名ばかりのMBO

すかいらーくの創業家が、議決権の9割を握るファンド株主に解任されたという記事が出ています。これは当然のことではないかと思います。まず、MBOといいながら、2割近く持っていた持ち株を、MBOの過程で3%まで売却し、多額の売却益を得ていたという話には、呆れてしまいました。このことからして、「ルール違反」だと思います。本来、MBOとは、経営陣がリスクを取ってエクイティ投資し、ちょっと大げさに言うと、経営陣の根性に火をつけて、経営にあたるというのが前提。なのに、2割から3%に持ち株比率を減らしていたなんて、MBO本来のありかたの正反対です。

マスコミには、MBOとか、LBOなどのアメリカで過去30年ほどの間にすすんだ金融手法に批判的なトーンで記事を書く方が多いように思います。でも、MBOやLBOを通して、短期間で金儲けできるほど、アメリカも甘くはないです。すかいらーくのようなケースをしっかり勉強していただき、どのようなMBOが「善」なのか、MBOがなぜ「善」なのか、きっちりとしたリサーチや研究に基づいた話を、もっと広めていただきたいです。
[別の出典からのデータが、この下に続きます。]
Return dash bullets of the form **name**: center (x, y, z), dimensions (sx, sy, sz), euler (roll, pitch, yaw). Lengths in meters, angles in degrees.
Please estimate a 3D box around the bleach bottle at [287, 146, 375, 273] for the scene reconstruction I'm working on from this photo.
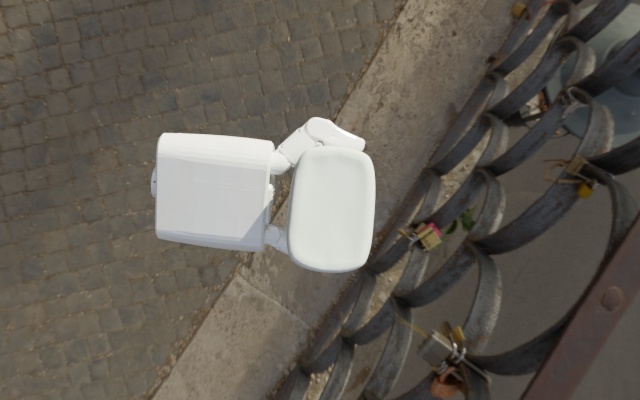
- **bleach bottle**: center (0.000, 0.002, 0.490), dimensions (0.068, 0.102, 0.251), euler (5, 1, -4)

以前、日本電産の永守社長が、自社株の値段が安いという経営者は多いが、有価証券報告書を見ると、たいした自社株を持っていない。本当に安いとは思っていない証拠だ。本当に思っているのであれば、経営者は自社株を(借金してでも)もっと買うべきだと、日経金融新聞に書かれていたことが記憶にあります。すかいらーくの創業者たちがやったことは、(いろいろとご事情はあったのかもしれませんが)、これとはまったく反対のことで、まさに名ばかりのMBOだと思います。